Riforma delle pensioni

Riforma delle pensioni

Negli ultimi mesi mi sono più volte interrogata sul perché la questione pensionistica, al centro di un processo di riforma che deve essere portato a compimento, e che tutti a parole dicono di voler realizzare, in realtà sia rimasta al palo. Ma vediamo a che punto è la situazione. La riforma del 2005, fin dalla primavera del 2007 avrebbe già dovuto essere completata con ulteriori interventi sia di natura correttiva che integrativa.


Rispetto a tale impegno di legge, soltanto una parte ridotta di misure è stata realizzata, lasciando ancora irrisolti numerosi aspetti che invece è necessario affrontare. Ad esempio: le forme di copertura previdenziale per i rapporti di lavoro atipici e i rapporti di lavoro discontinui; l’istituzione di un contributo improntato all’equità tra i pensionati e gli assicurati, ecc..

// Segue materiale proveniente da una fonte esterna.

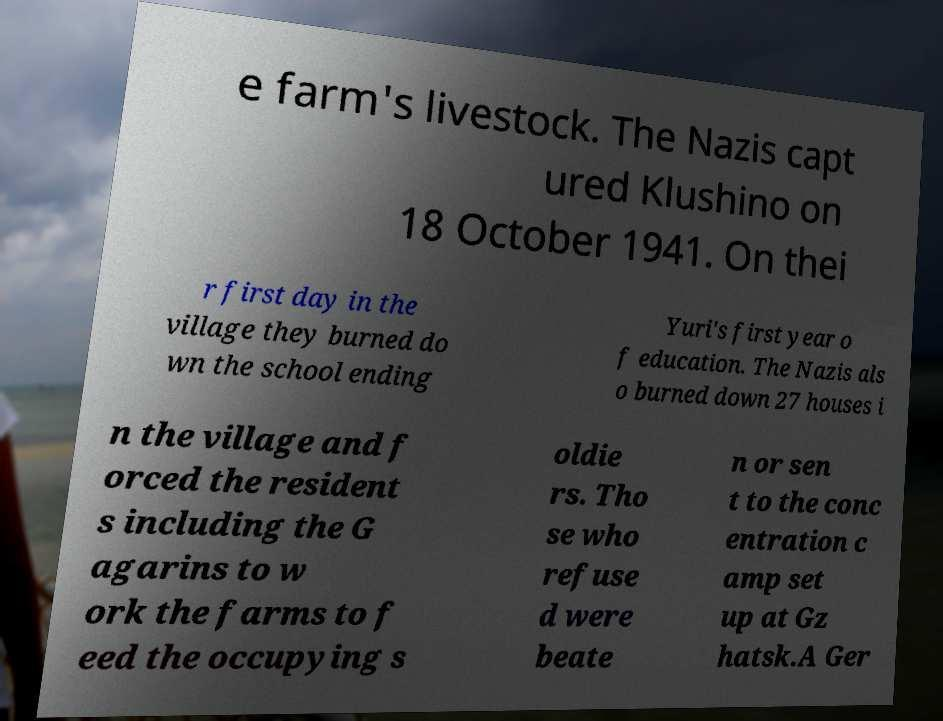Could you assist in decoding the text presented in this image and type it out clearly? e farm's livestock. The Nazis capt ured Klushino on 18 October 1941. On thei r first day in the village they burned do wn the school ending Yuri's first year o f education. The Nazis als o burned down 27 houses i n the village and f orced the resident s including the G agarins to w ork the farms to f eed the occupying s oldie rs. Tho se who refuse d were beate n or sen t to the conc entration c amp set up at Gz hatsk.A Ger

Ma la riforma, che si componeva anche del provvedimento che introduceva la pensione complementare, è rimasta poi orfana anche di questo importante tassello che avrebbe potuto, invece, consolidare il nostro modello previdenziale, rafforzandone la capacità di tenuta nel tempo. In tal modo siamo rimasti – unico paese in Europa – con un sistema basato su un unico pilastro a carattere retributivo, che sulla carta promette rendimenti pensionistici che, nella realtà, non sarà oggettivamente in grado di garantire…


Da qui la necessità di avviare contestualmente una verifica complessiva della materia che affronti criticamente anche l’attuale impianto previdenziale, per orientarlo verso la effettività del suo equilibrio finanziario. E ora vediamo quali effetti produce questo grave ritardo nel completare la riforma pensionistica.

Di sicuro priva gli assicurati della possibilità di integrare la propria pensione pubblica, tradizionale, con una forma complementare, quale parziale copertura della quota di prestazione ridotta in seguito all’ultimo intervento di riforma. E per i giovani lavoratori, ma non soltanto per loro, da parte di chi ha causato questi ritardi, pesa la responsabilità di aver determinato una prospettiva previdenziale sempre più indeterminata ed incerta…


Dunque, danni incalcolabili sulle casse del fondo pensioni e sulla percezione generale del paese rispetto a tale problema. Ma ulteriori danni anche sul bilancio dello Stato, se solo si pensa che quest’anno saranno 12 i milioni di euro che verranno stanziati in via straordinaria per finanziare le pensioni ai commercianti ed artigiani; in tempi di crisi e di deficit di bilancio, questo esborso è una vera calamità!

Mi sono anche interrogata se le vicende dell’attualità, legate alla criticità dei rapporti con l’Italia, potessero in qualche modo condizionare i processi riformatori su questa materia. Ma sono ambiti indipendenti tra loro, semmai il raggiungimento di una sostanziale robustezza dell’impianto previdenziale contribuisce a rafforzare gli elementi di stabilità del sistema San Marino, e ciò costituisce un valore aggiunto per chi ha interesse ad investire nel nostro paese.


Dunque non vi sono oggettivamente ragioni plausibili che possono giustificare i gravi ritardi che continuano fatalmente ad accumularsi. Benché il completamento della riforma pensionistica sia ben indicato nel programma di governo tra gli obiettivi da realizzare, ripreso e confermato nell’accordo tripartito del 9 luglio, in realtà con questo Esecutivo non è mai partito alcun confronto. Risulta perciò assolutamente incomprensibile l’inazione del governo, su cui inevitabilmente ricadono tutte le responsabilità dell’aggravamento delle difficoltà del sistema.